Mas, de antemão, é recomendável conhecer o contexto. Desde a saída do longevo ex-secretário Jorge Rachid, a Receita Federal está mergulhada numa guerra interna, uma disputa de poder silenciosa, com alto potencial de estrago.

A queda-de-braço é parecida com a crise de 2009, que levou a demissão da então secretária Lina Maria Veira e desgastou significativamente a então ministra-chefe da Casa Civil Dilma Rousseff. Segundo auditores ouvidos nos últimos dias, aliados de Rachid estão com dificuldades de assimilar a nomeação de Marcos Cintra. Embora especialista em questões tributária,  o economista e ex-deputado é de fora dos quadros da Receita.

O foco da resistência estaria entre os superintendentes regionais, todos indicados pelo ex-secretário. Curiosamente, Cintra conta com o apoio da Unafisco. Para dirigentes do sindicato, a chegada do novo administrador representa uma oportunidade de oxigenação.
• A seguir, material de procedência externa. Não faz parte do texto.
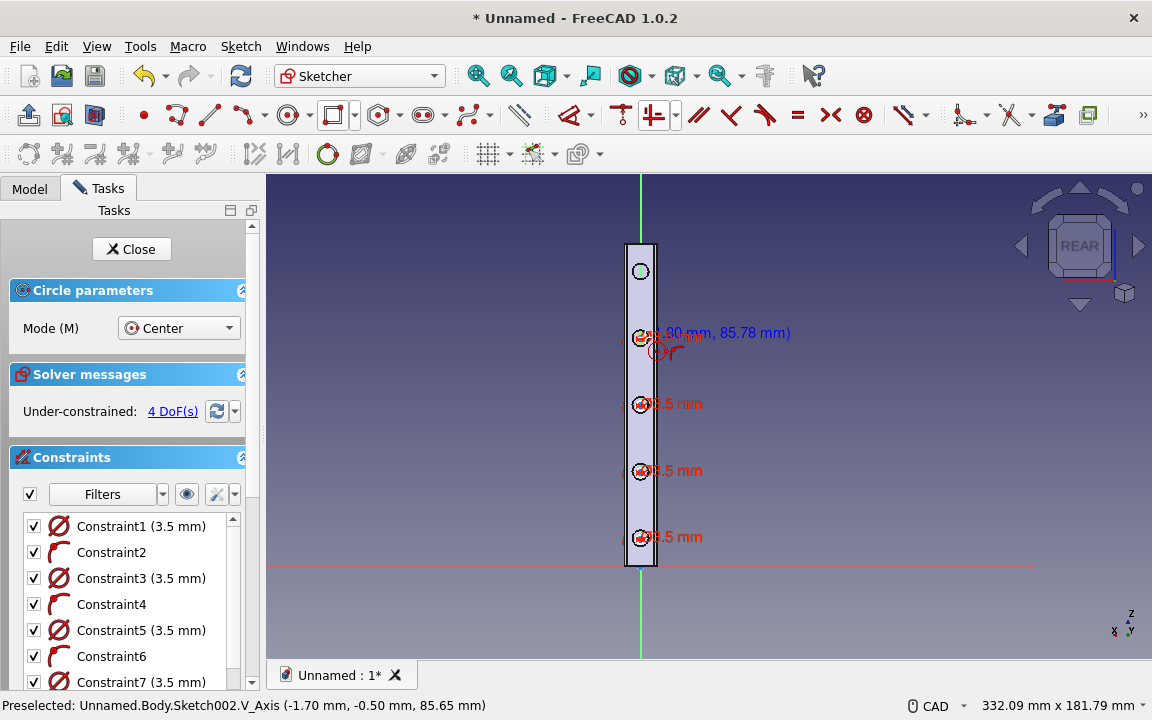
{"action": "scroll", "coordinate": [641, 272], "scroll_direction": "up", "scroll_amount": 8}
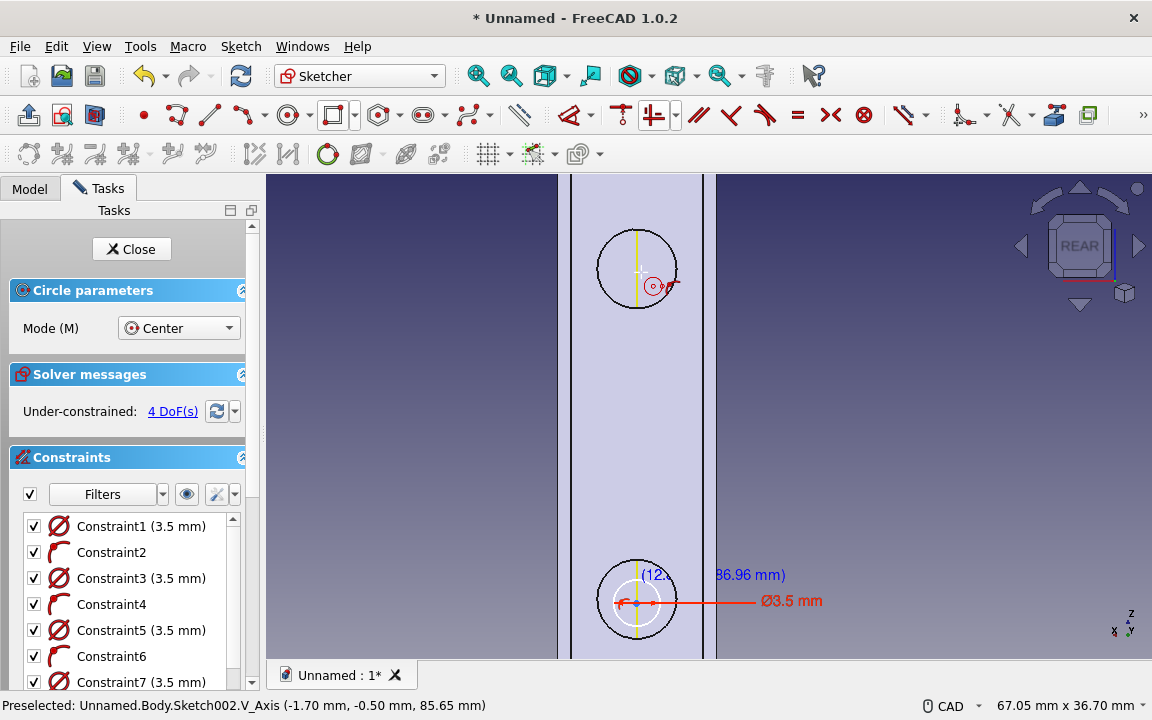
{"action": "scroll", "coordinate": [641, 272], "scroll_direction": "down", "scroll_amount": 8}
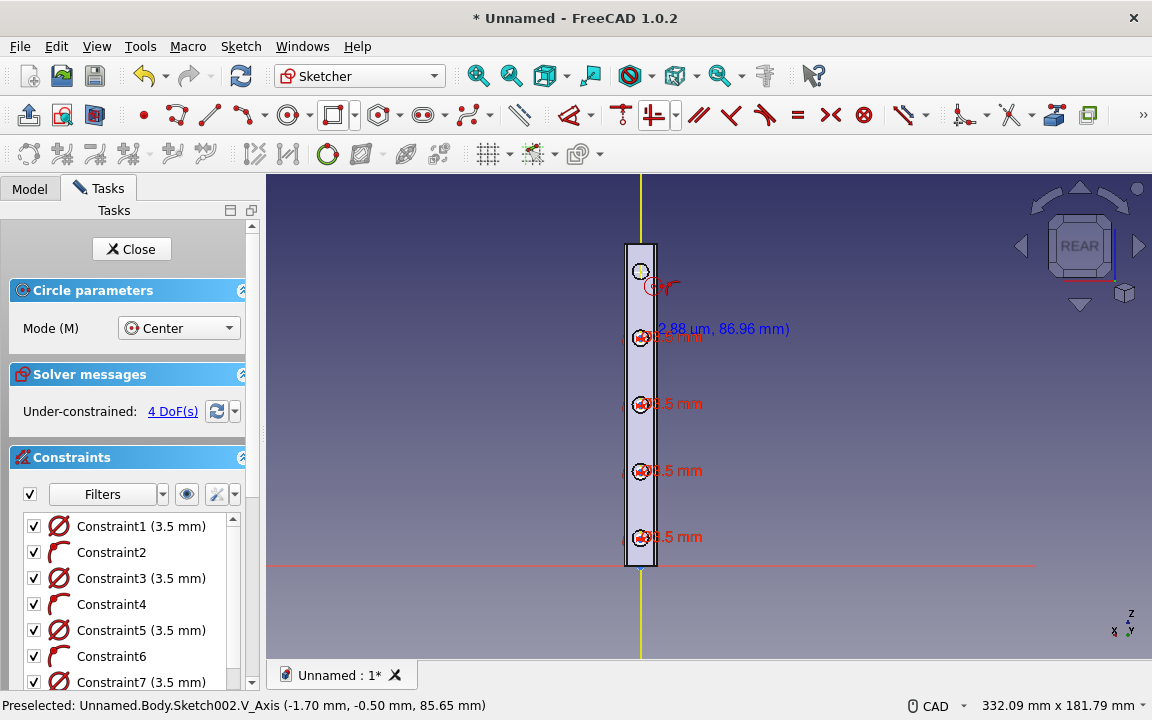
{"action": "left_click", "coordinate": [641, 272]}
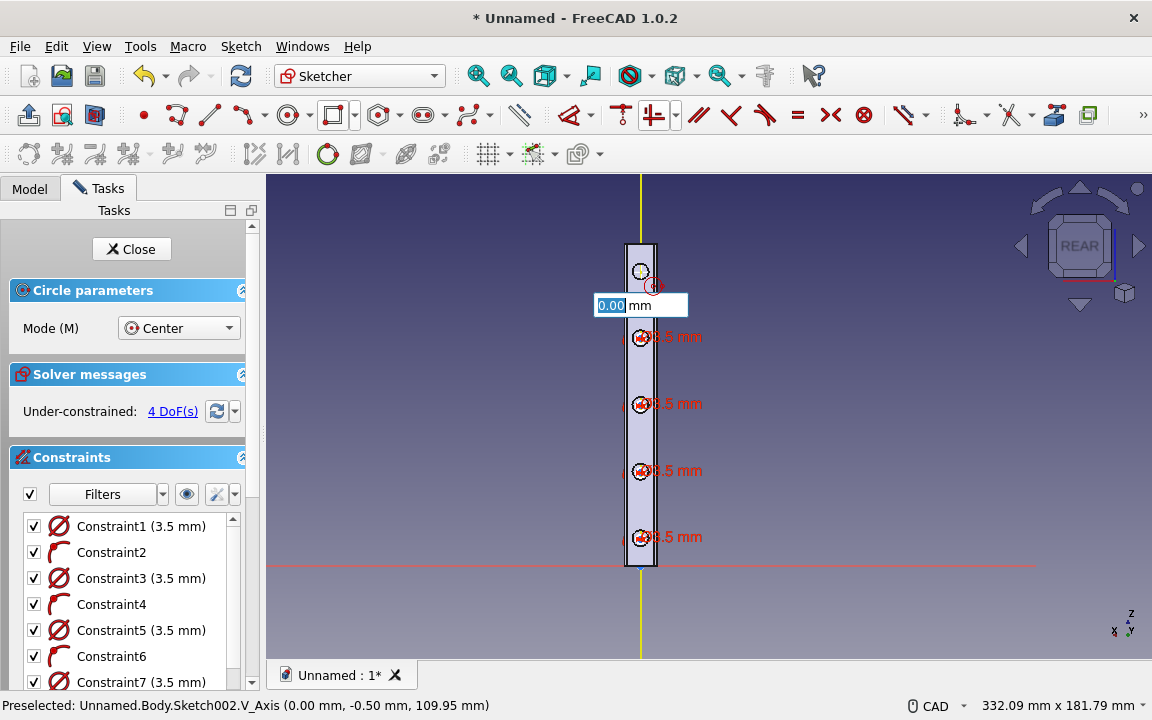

Leia-se mudança de métodos de trabalho e renovação em cargos de comando. Sim, aqui está a luta por cargos e pelo direito de ditar regras, o velho motor da burocracia brasiliense.

Na ala reformista, o recente vazamento de dados fiscais de magistrados é visto como uma tentativa de desestabilizar a gestão Cintra. Não por acaso, numa resposta acima da esperada, o secretário pediu ao ministro da Justiça, Sergio Moro, a abertura de inquérito criminal e o indiciamento dos responsáveis pelo divulgação das informações protegidas por sigilo. O inquérito e a briga interna não implicam, necessariamente, em alívio para magistrados.

Dentro da Receita Federal há um forte sentimento de que as análises das declarações de autoridades, as chamadas pessoas politicamente expostas (PEPs), devem ser levadas até as últimas consequências. Nenhum representante dos grupos em disputa defende o arquivamento ou restrições às investigações. Para um expressivo número de auditores, é uma questão de honra e de sobrevivência da instituição colocar tudo em pratos limpos.

Para esses auditores, não cabe suspender os trabalhos só porque alguns estão sendo acusados de estar a serviço de procuradores da Lava-Jato. A parceria entre policiais e auditores é antiga. Aliás, é de autoria da Receita o primeiro laudo que apontou repasses de recursos de uma empreiteira, a Camargo Corrêa, para o doleiro Alberto Youssef. O laudo ajudou a empurrar as empreiteiras para o olho do furacão da Lava-Jato.

Enfim, os ânimos estão à flor da pele e é bem possível que alguns caiam em combate. Mas com ou sem novos vazamentos, a ideia predominante é de que a análise das contas das pessoas politicamente expostas veio para ficar. Segundo um auditor, PEPs são para serem investigadas e não protegidas. "Não haverá recuo", brada um deles. Os combates estão longe de um fim. Com informações, O Globo.